Of the 250 patients, 126 patients underwent CABG (83 without valvular surgery), 124 (49%) underwent a valvular surgery without CABG. The EuroSCORE- II averaged 4.8% ± 8.0% (range, 1.3%-89%). After cardiac surgery, prolonged inotropic support was required in 82 patients (33%), and postoperative death was reported in 25 patients (10%). Most deaths were related to refractory heart failure or septicemia. Baseline characteristics are shown in Table 1 .
|All patients ( n = 250)|
|Mean (SD) age, y||66 ± 13|
|Women, no. (%)||73 (29)|
|Smoker, no. (%)||75 (30)|
|Diabetes, no. (%)||75 (30)|
|Hypertension, no. (%)||145 (58)|
|Permanent atrial fibrillation, no. (%)||16 (6)|
|NYHA class III-IV, no. (%)||85 (34)|
|Median (SD) creatinine, μmol/L||110 ± 89|
|Mean (SD) CPB duration, min||141 ± 85 (range, 30-720)|
|Indications, no. (%)|
|Aortic stenosis||90 (36)|
|Aortic regurgitation||15 (6)|
|Mitral regurgitation||55 (22)|
|Isolated CABG||83 (33)|
|Mean (SD) LVEF by Simpson biplane, %||51 ± 12|
|Mean (SD) RVFAC, %||51 ± 9|
|RVFAC < 35%, no. (%)||19 (7.6)|
|Mean (SD) TAPSE, mm||21 ± 5|
|TAPSE < 16 mm, no. (%)||34 (13.6)|
|Mean (SD) RV-GLS 3-segment model, %||−21 ± 7|
|RV-GLS > −21%, no. (%)||99 (39.6)|
|LVEF, no. (%)|
|Previous cardiac surgery, no. (%)||28 (11)|
|Chronic lung disease, no. (%)||18 (7)|
|Extracardiacarteriopathy, no. (%)||53 (21)|
|Severe renal impairment, no. (%)||68 (27)|
|Angina at rest, no. (%)||6 (2.4)|
|Recent myocardial infarction, no. (%)||43 (17)|
|Pulmonary hypertension > 55 mm Hg, no. (%)||19 (7.6)|
|Critical preoperative state, no. (%)||14 (5.6)|
|Emergency, no. (%)||35 (14)|
|Active endocarditis, no. (%)||13 (5.2)|
|Valve surgery, no. (%)||160 (64)|
|Surgery on thoracic aorta, no. (%)||25 (10)|
TAPSE, RVFAC, and RV-GLS averaged 21 ± 5 mm (range, 5-33 mm), 51% ± 9% (range, 19%-72%) and −21% ± 7% (range, −46% to −3%), respectively.

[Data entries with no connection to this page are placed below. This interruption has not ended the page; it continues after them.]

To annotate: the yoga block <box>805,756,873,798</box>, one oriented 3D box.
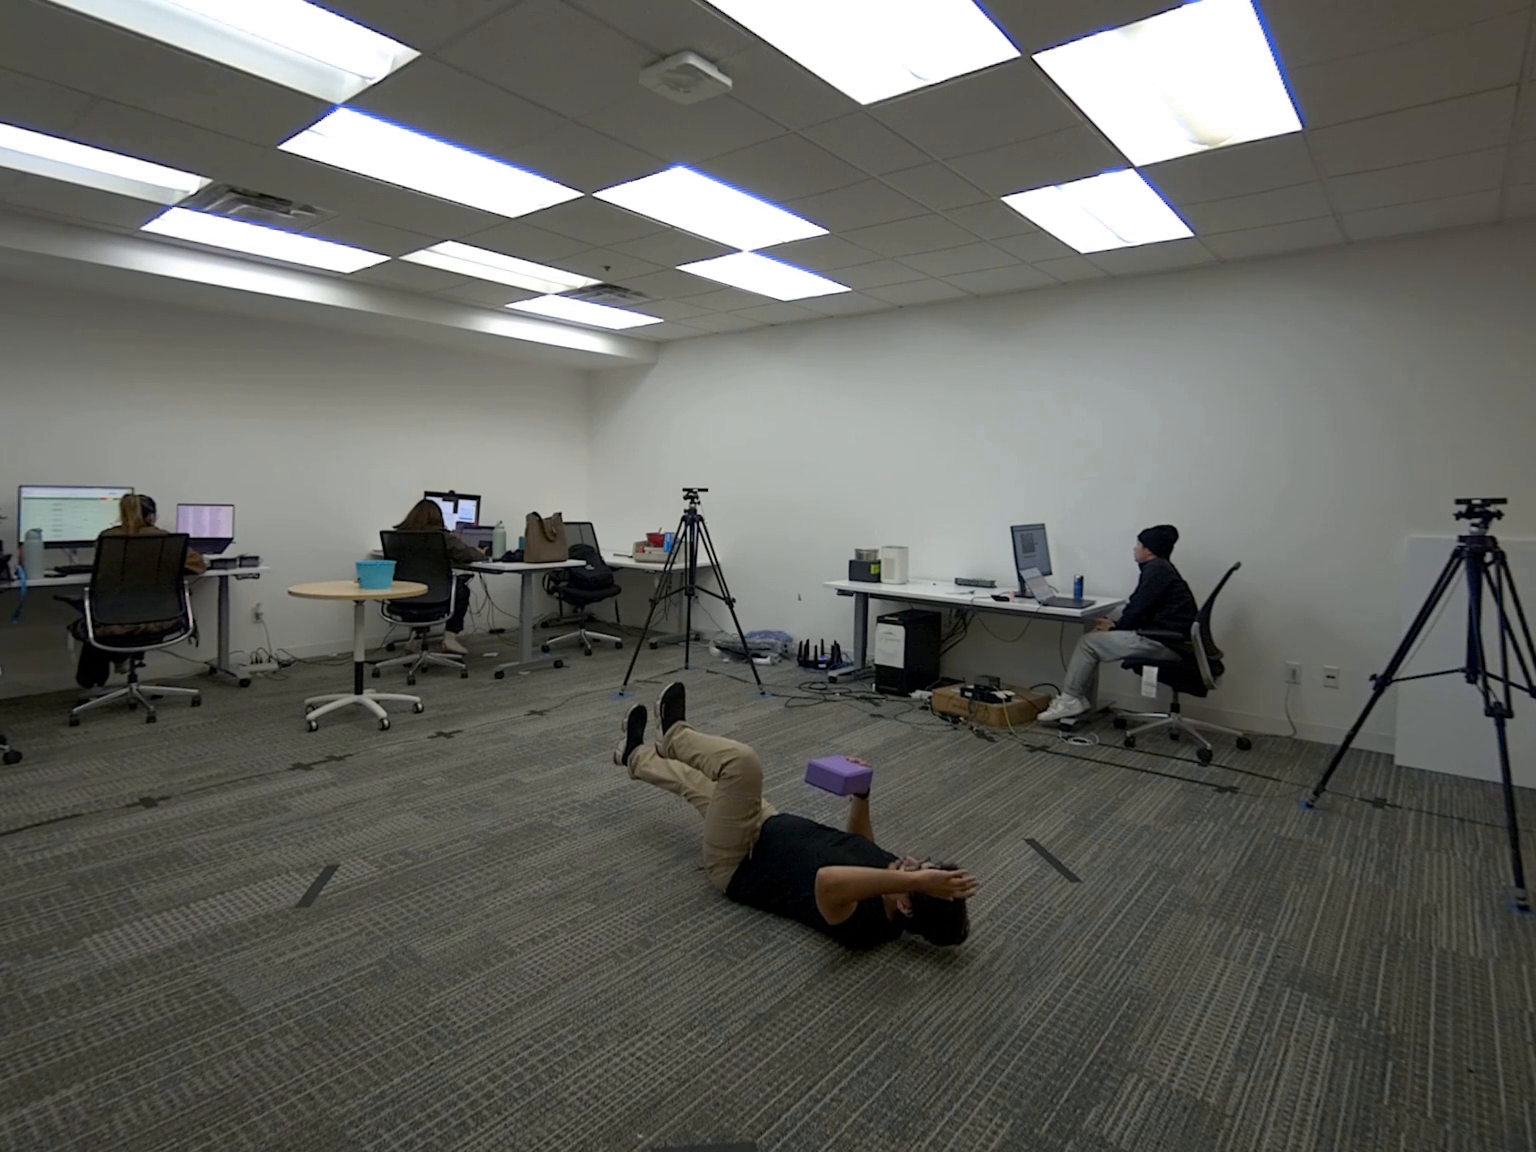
[{"bbox_3d":[0.224,0.663,2.841,0.154,0.076,0.222,12,1,30],"label":"yoga block"}]
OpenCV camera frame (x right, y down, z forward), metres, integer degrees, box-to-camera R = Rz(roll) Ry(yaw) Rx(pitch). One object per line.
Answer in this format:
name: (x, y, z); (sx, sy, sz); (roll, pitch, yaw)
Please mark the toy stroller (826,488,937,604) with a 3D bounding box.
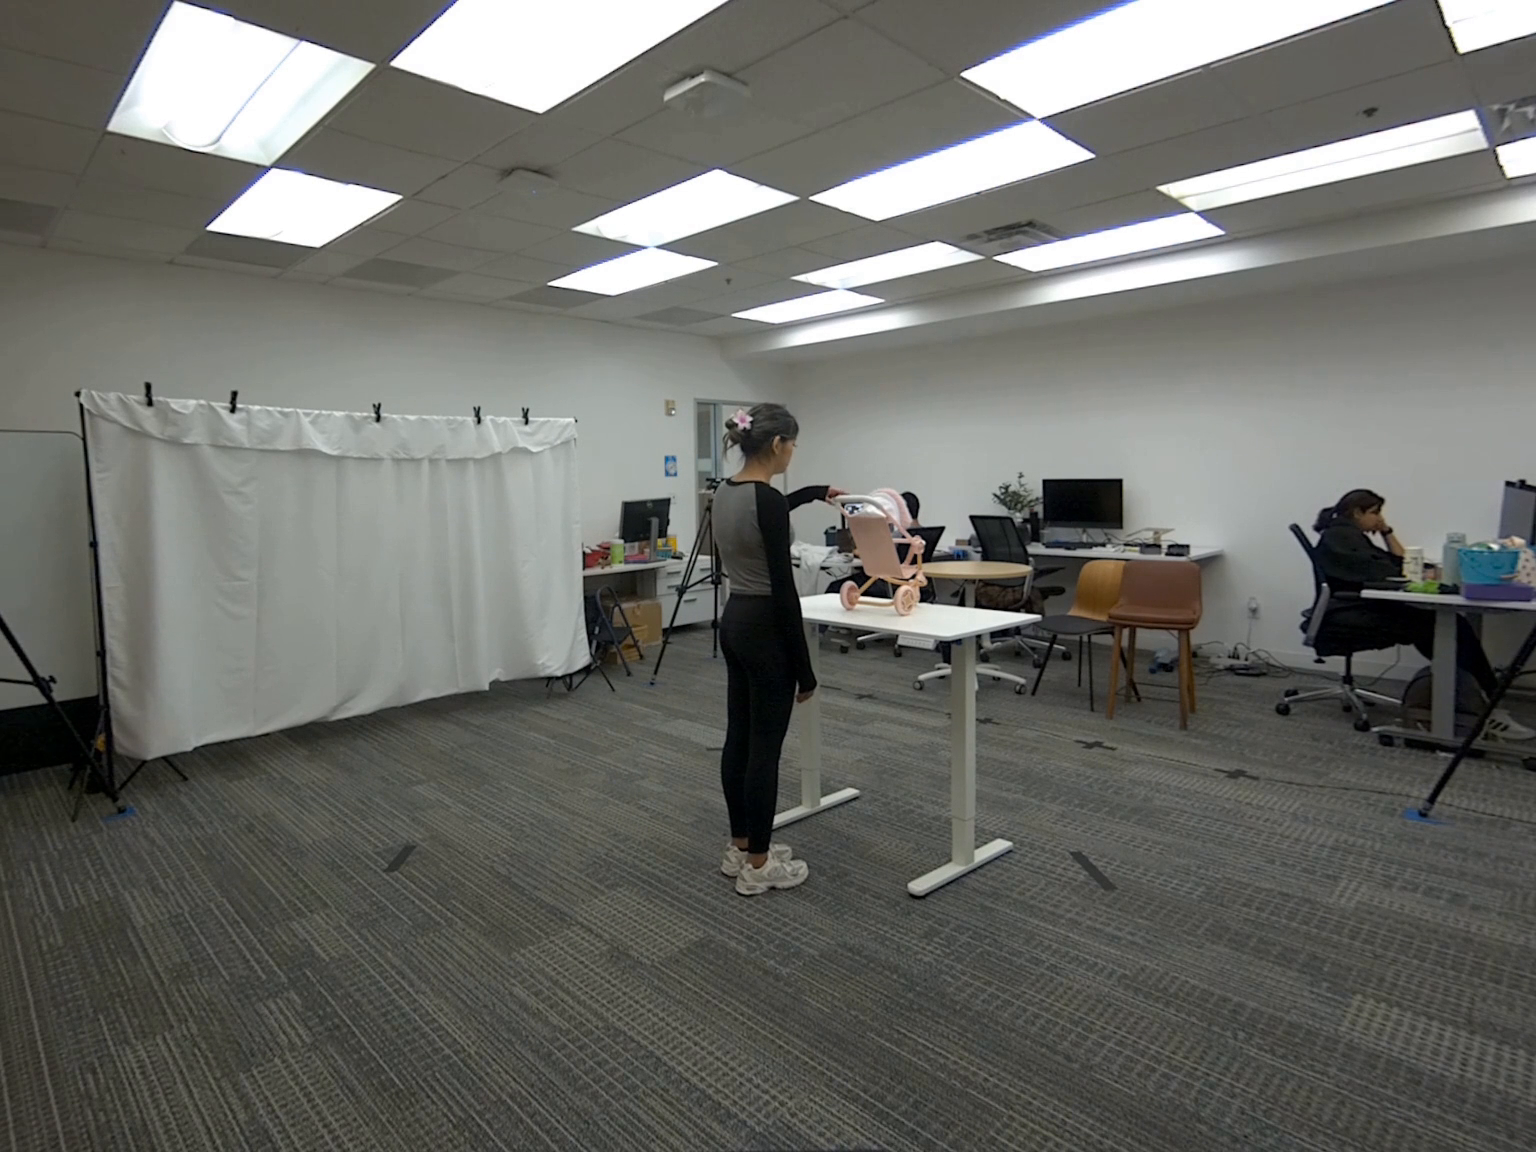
toy stroller: (0.457, -0.091, 3.251); (0.336, 0.527, 0.290); (-22, 18, -39)
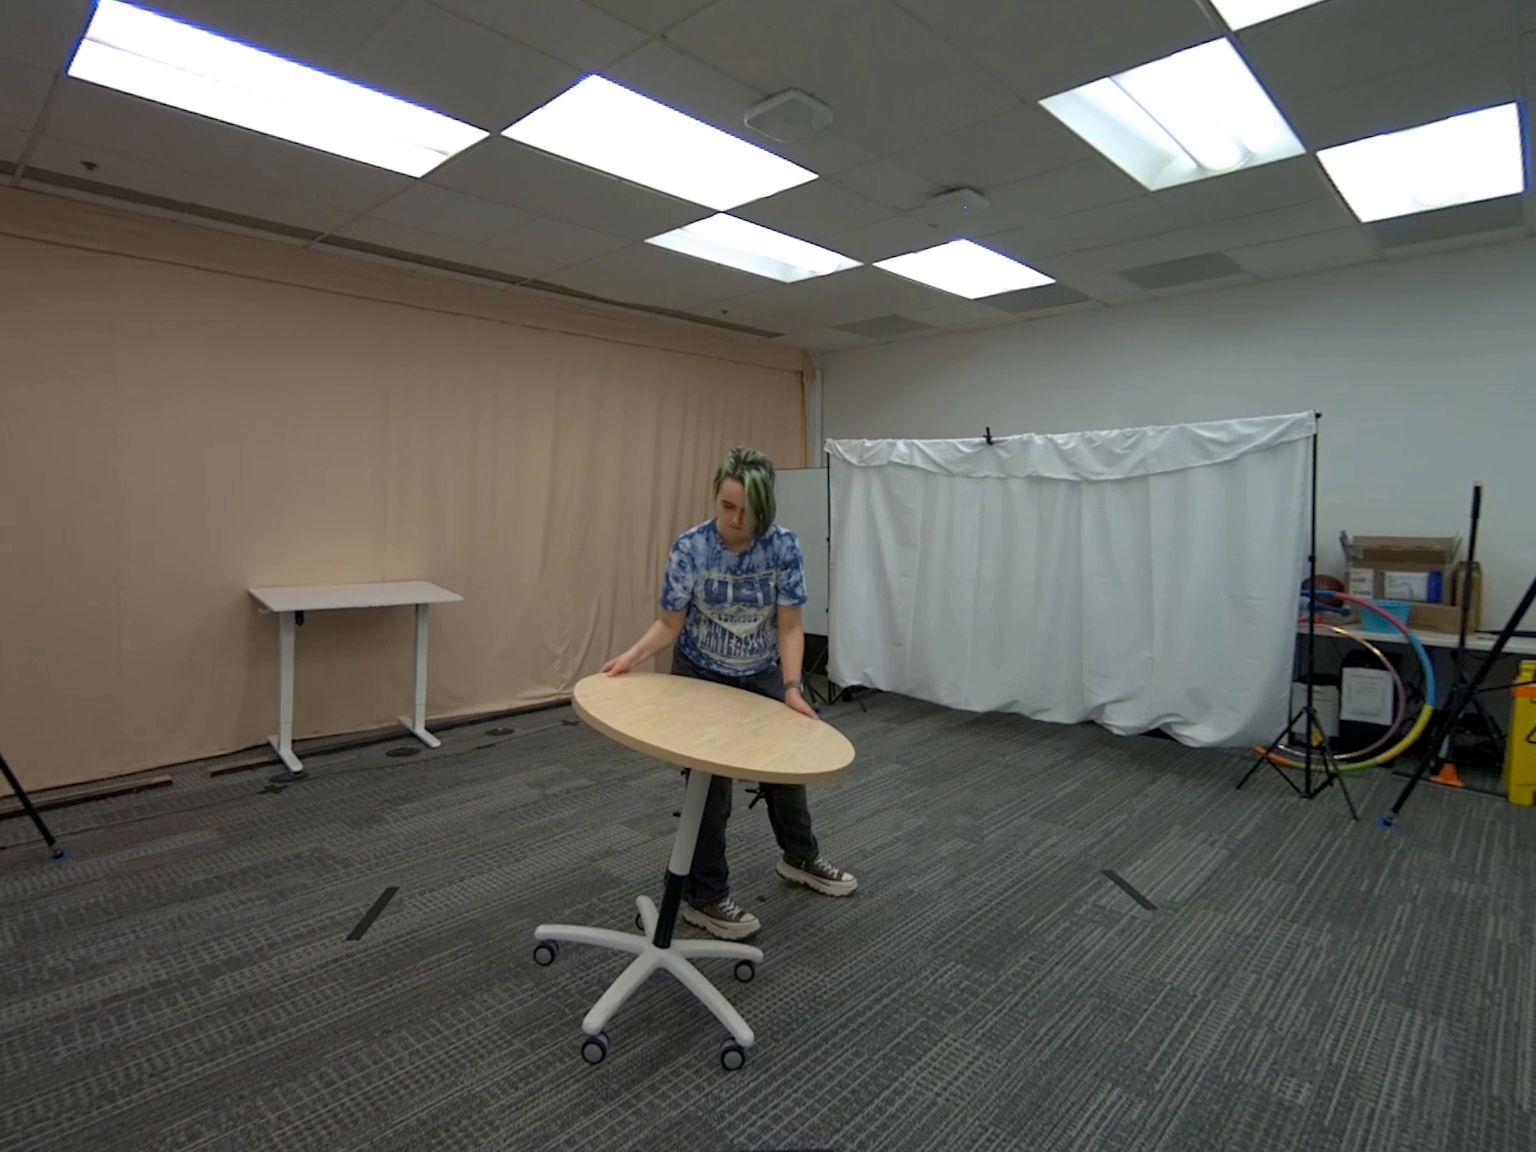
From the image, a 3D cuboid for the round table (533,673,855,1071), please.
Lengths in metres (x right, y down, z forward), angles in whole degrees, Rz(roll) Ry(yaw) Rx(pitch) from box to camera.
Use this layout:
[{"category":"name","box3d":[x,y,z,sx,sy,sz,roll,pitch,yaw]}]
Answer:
[{"category":"round table","box3d":[-0.240,0.764,2.283,0.762,0.792,0.767,12,5,-3]}]
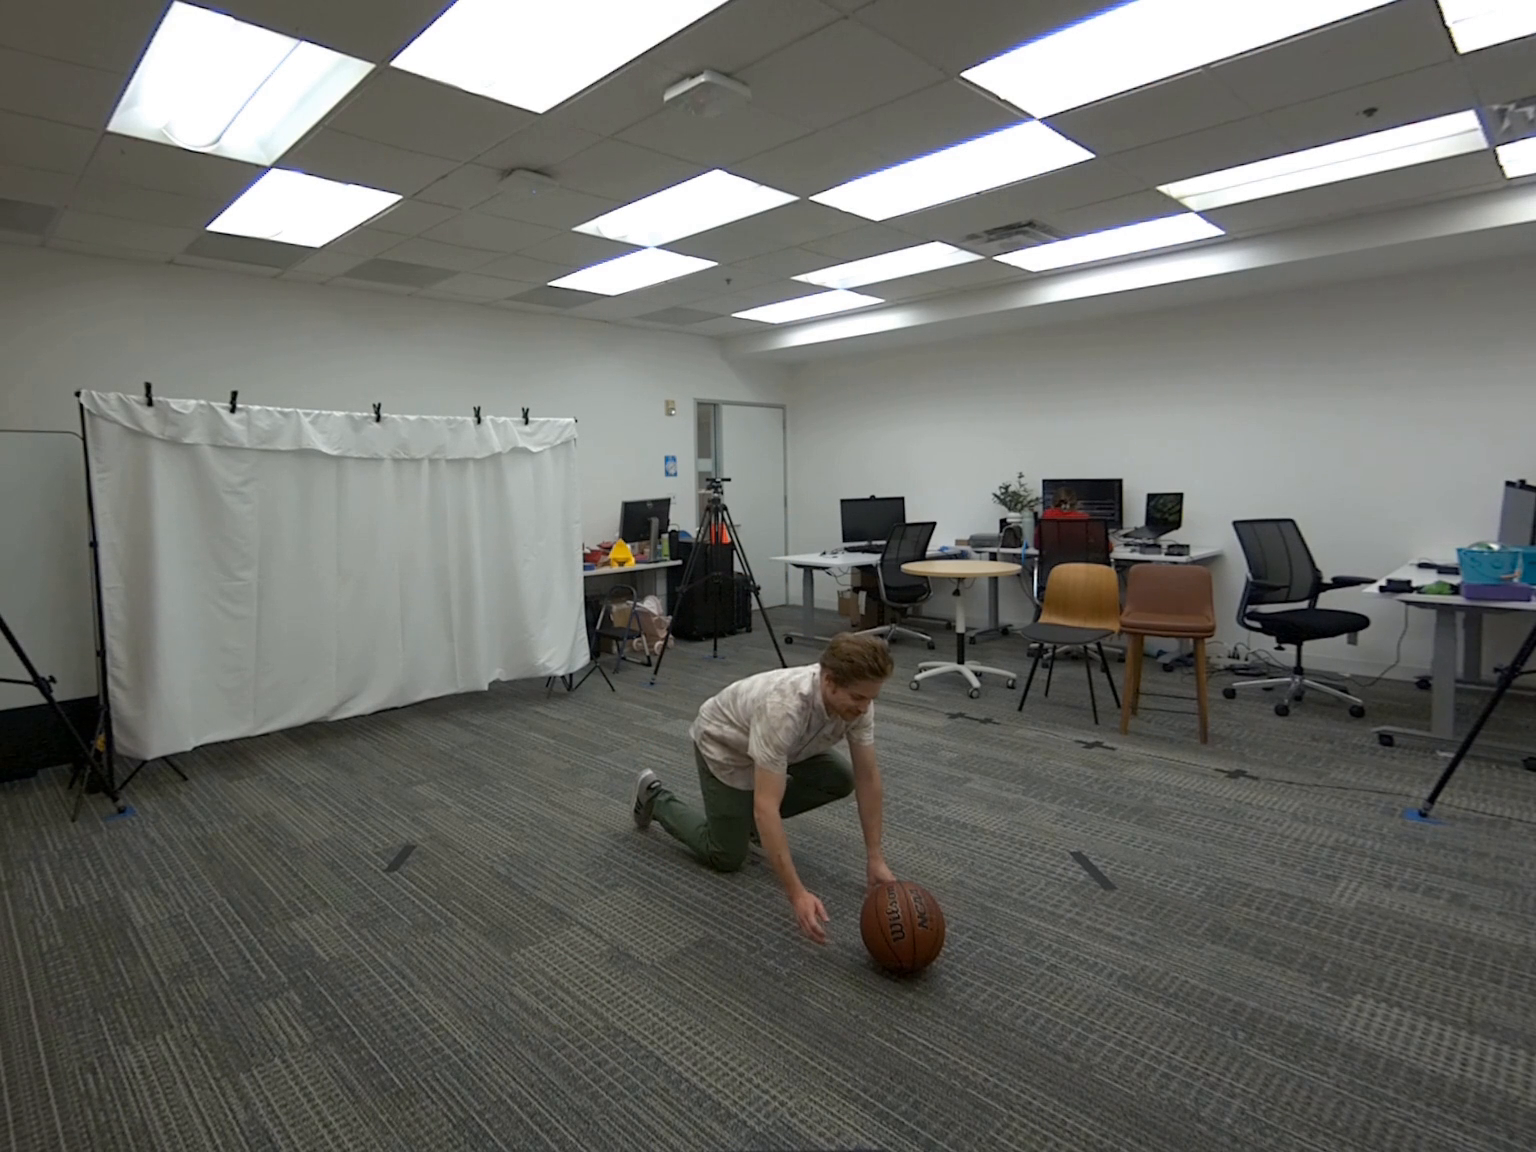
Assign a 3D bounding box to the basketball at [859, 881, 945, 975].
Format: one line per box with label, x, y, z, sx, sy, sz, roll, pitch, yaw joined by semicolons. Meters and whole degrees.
basketball;0.386;0.992;2.425;0.236;0.235;0.237;-1;5;-2
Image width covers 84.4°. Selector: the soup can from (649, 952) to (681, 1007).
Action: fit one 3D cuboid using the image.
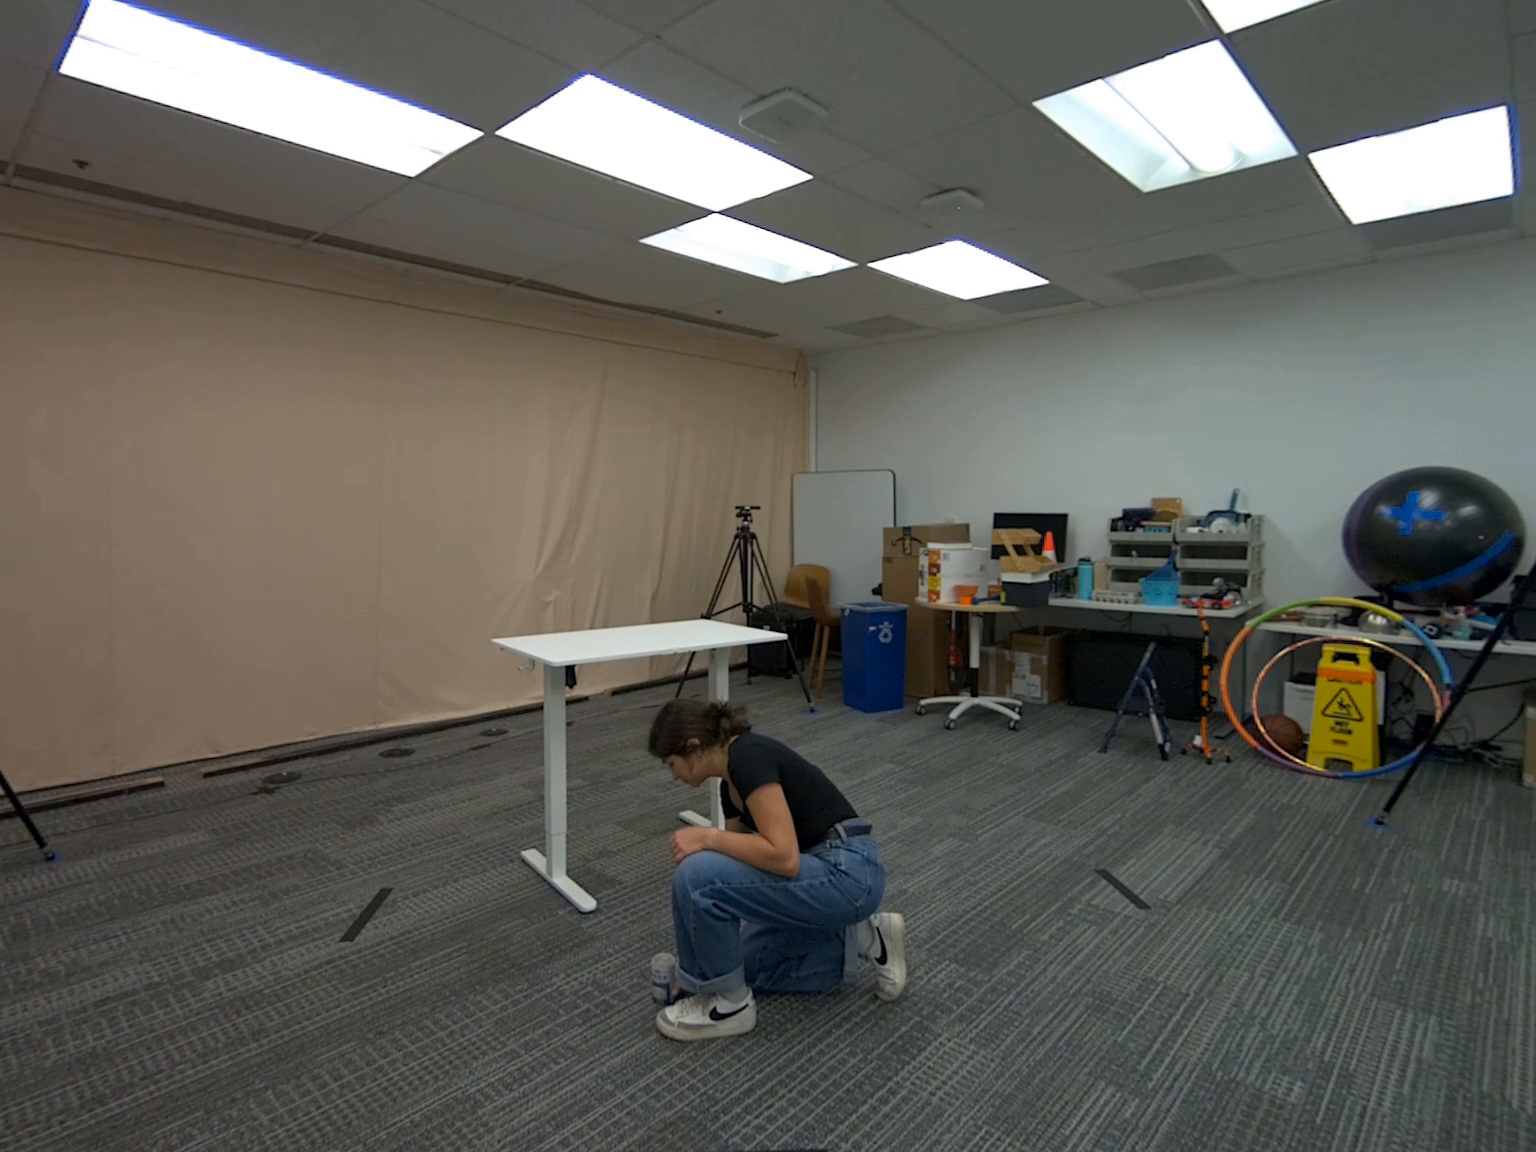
[{"bbox_3d":[-0.296,1.138,2.386,0.067,0.121,0.067,2,3,-2],"label":"soup can"}]

Of the 250 patients, only 19 had abnormal RVFAC < 35% and 34 had abnormal TAPSE, <16 mm. RVFAC and TAPSE correlated well ( r = 0.66; P < .0001) and were concordant (kappa = 0.62): 90% of patients with RVFAC < 35% had abnormal TAPSE < 16 mm, and 93% of patients with normal RVFAC had normal TAPSE. In contrast, RV-GLS was less correlated with RVFAC ( r = −0.50, P < .0001) ( Figure 1 A) and with TAPSE ( r = −0.43, P < .0001) ( Figure 1 B). All patients with abnormal RVFAC < 35%, had abnormal RV-GLS (>−21%), but 34% of patients with preserved RVFAC > 35% ( n = 80/231) or with TAPSE > 16 mm ( n = 73/216) had abnormal RV-GLS. Patients with RVFAC < 35% had more severely impaired RV strain than those with normal RVFAC and abnormal RV strain (−10% ± 4% vs −15% ± 3%; P < .0001) (mean [SD]).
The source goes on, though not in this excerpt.